Van Kedisi

Van Kedisi

Van Kedilerinin Temel Özellikleri:

Zeki, canlı ve insana bağlı bir yapısı vardır. Kendilerini temizlemede büyük bir titizlik gösterirler. Van kedisi iyi bir avcı olmanın yanısıra kendi isteğiyle suda yüzmeyi ve suyla oynamayı seven tek kedi türüdür. İyi bir arkadaş ve oyuncu olmakla beraber kucağa alınmaktan hoşlanmaz.

Van Kedilerinin Görünüş ve Vücut Yapısı:

Uzun olmayan orta büyüklükte bir başı olan Van kedilerinin yüzü üçgen şeklinde ve çevresi belirlenmiştir. Elmacık kemikleri de çıkıktır. Boynu güçlü ama kısadır.

Gözler hafif şekilde basık badem şeklinde ve eğik olarak yüze yerleşmiştir. Göz bebekleri yuvarlak ve belirgindir.

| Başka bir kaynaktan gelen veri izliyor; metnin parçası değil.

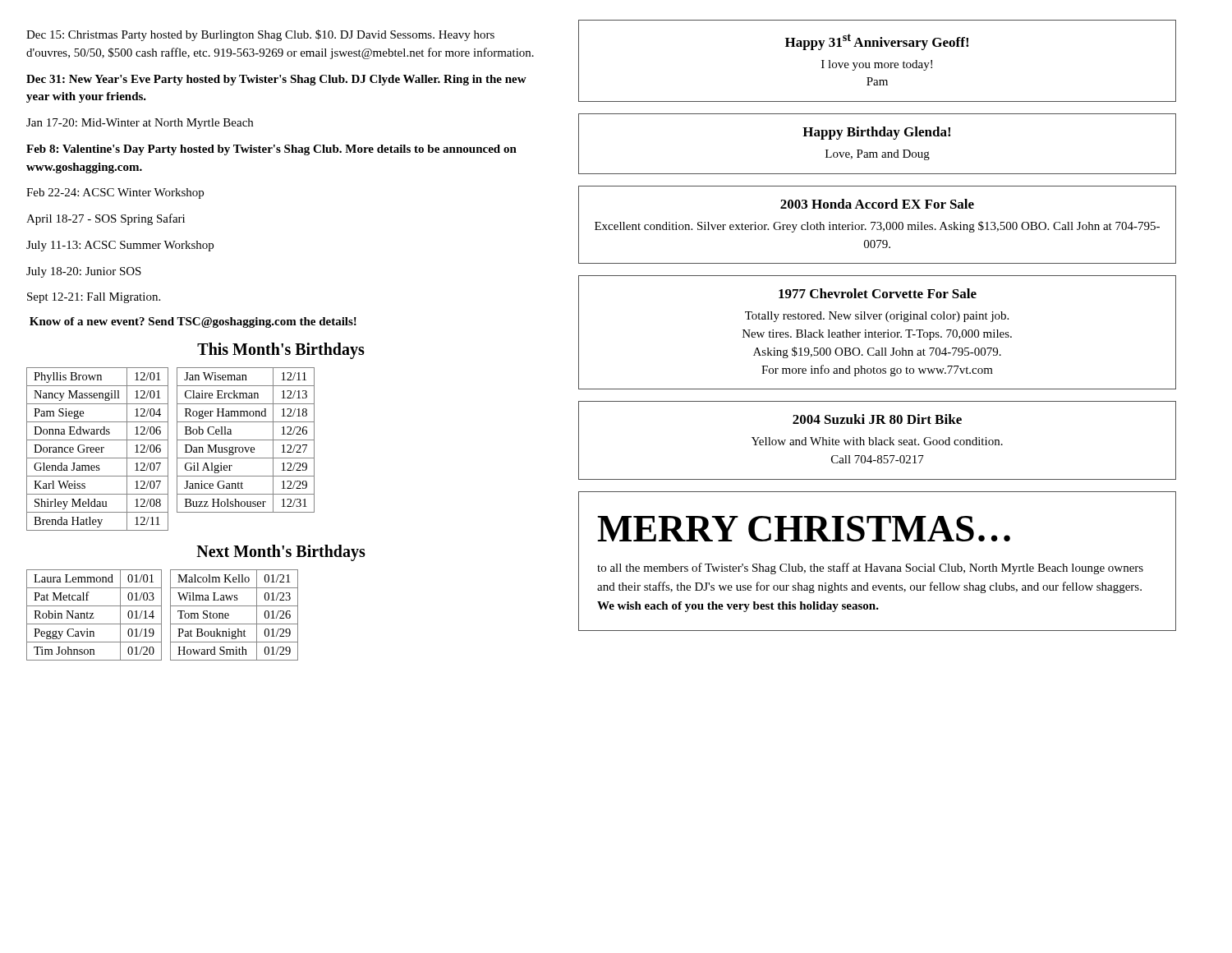Click the passage that begins "1977 Chevrolet Corvette"
1232x953 pixels.
tap(877, 333)
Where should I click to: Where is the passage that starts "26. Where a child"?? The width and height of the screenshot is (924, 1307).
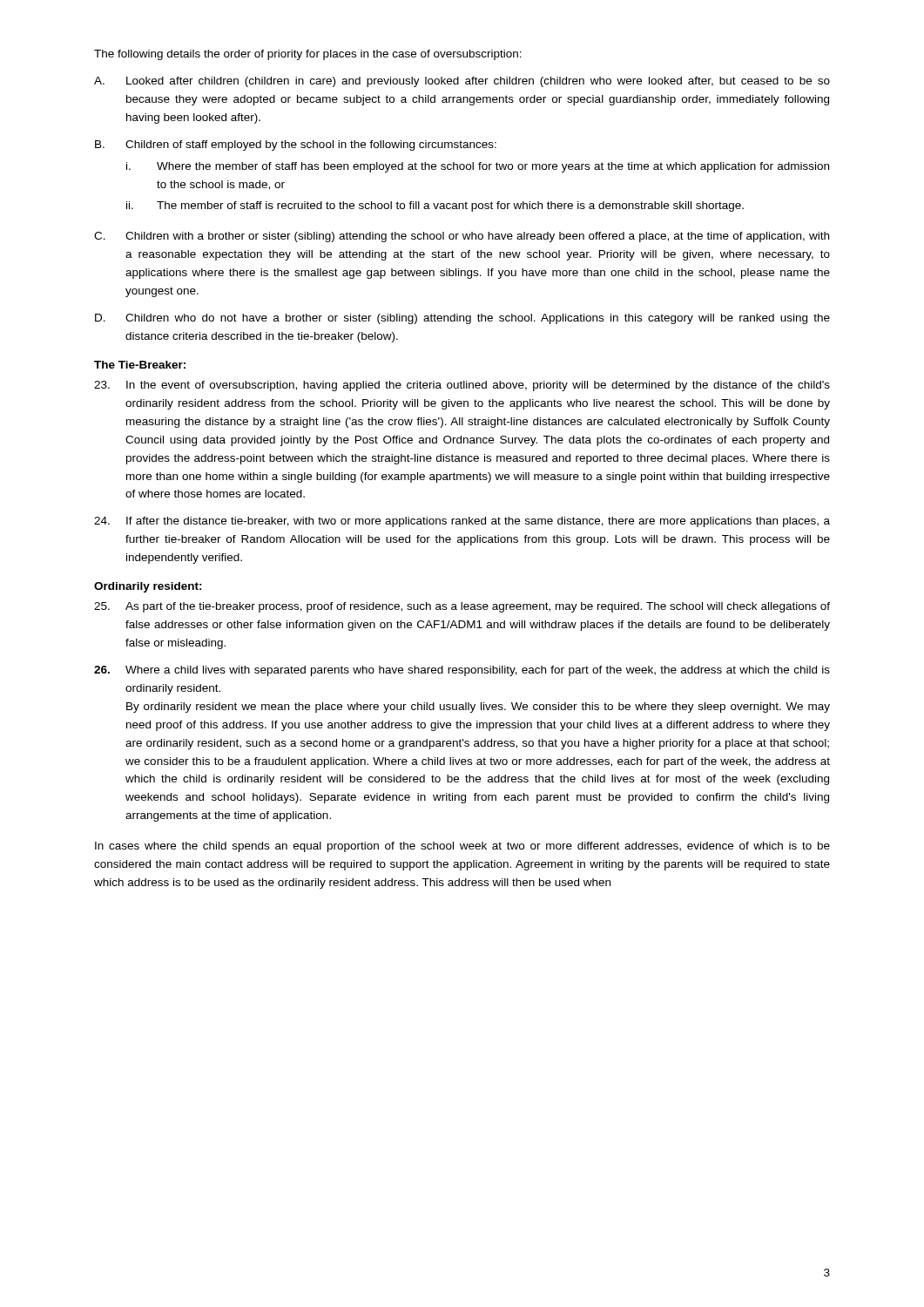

Van kedisini çekici kılan özelliklerden birisi de onun gözlerinin rengidir. Her iki gözü mavi, her iki gözü (kehribar sarı renk ve tonları) olabileceği gibi bir gözü mavi diğer gözü kehribar renkte de olabilir.

Kulakları büyük ve geniş, dibe doğru bir yuvarlaklık söz konusudur. Burun ucu, patiler ve kulak içleri pembe renktedir. Van kedilerinde sağırlığın yaygın olduğu kanaati varsa da her iki gözü farklı renkteki kedilerde ve mavi gözlülerde ancak %2-3 civarında sağırlık vardır.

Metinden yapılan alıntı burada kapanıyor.